Data-Driven Decision Making with Process Quantity Analysis

by Scott Walton and Patrick White
Harbour Results

Nearly every manufacturing company collects data; however, all too often, these data either are not analyzed to the fullest extent or are reviewed in silos. The truth is, your facility’s data actually tells a story. The key is looking hard enough to uncover the right information that will lead to improvement.

To effectively use data to make sound business decisions, companies need to leverage tools and strategies proven to be best practices in manufacturing. Regardless of a company’s size, tactics can be leveraged to assist in collecting and analyzing the right data. Our recommendation is to start by building a master Process Quantity (PQ) Analysis file.

PQ Analysis is a lean manufacturing tool designed to identify issues throughout a manufacturing facility. It utilizes existing data to conduct specific analysis and determine gaps and opportunities. By clearly understanding the problem and using data to validate the issue, a company can determine the correct course of action to improve the business.

To implement a PQ Analysis, shop leadership must start by collecting raw data of part-by-part performance. The specific type of data included in the analysis will vary by company, but the foundation remains the same. The first set of data points focuses on “quantity.” This is the information that will be reviewed (summed) and will uncover performance successes or improvement opportunities.

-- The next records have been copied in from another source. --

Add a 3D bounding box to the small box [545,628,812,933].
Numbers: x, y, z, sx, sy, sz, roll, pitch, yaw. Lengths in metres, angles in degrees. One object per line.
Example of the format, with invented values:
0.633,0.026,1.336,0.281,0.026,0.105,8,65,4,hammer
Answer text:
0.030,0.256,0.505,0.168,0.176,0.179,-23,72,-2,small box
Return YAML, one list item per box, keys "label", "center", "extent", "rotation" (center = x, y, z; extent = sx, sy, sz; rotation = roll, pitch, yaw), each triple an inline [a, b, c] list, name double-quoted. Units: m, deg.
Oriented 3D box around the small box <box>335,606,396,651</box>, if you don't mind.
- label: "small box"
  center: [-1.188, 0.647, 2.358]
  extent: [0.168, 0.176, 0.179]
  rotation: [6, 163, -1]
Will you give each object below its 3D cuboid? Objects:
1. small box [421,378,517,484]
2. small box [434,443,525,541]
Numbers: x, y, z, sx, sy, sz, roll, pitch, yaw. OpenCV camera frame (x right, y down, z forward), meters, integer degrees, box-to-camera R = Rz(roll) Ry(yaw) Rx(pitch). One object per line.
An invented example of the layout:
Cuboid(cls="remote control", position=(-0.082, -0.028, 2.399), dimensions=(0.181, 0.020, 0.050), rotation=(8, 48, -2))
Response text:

Examples of quantity-side analysis includes part volumes, sales dollars, operating margins and scrap, among others. Once the data and analysis are conducted on the quantity side, the results will inform what should be analyzed on the process side. This includes how a company groups jobs and parts and is frequently organized by categories such as industry, commodity and press tonnage.

For example, during a PQ Analysis, a company that looks at its hit rate data across one of its key industries – automotive – could quickly identify those customers that award limited business and hence are potentially using the shop as only a lever for negotiations. This challenge then can be addressed with a strategic solution of more selective quote filters.

Potential pitfalls

A common mistake companies make is collecting and using data that drive the wrong behavior across the organization. For example, a company might exclusively measure sales by revenue per customer. This metric would indicate customers that are generating the highest revenue and encourage salespeople to continue to pursue those customers delivering significant revenue dollars year over year. However, this metric alone does not look at profitability of a customer. So, although a customer might generate high revenue, the projects may be underperforming and even unprofitable. By not measuring profitability alongside revenue, the company does not have all the information needed to improve profitability and, worse yet, risks negatively impacting the bottom line.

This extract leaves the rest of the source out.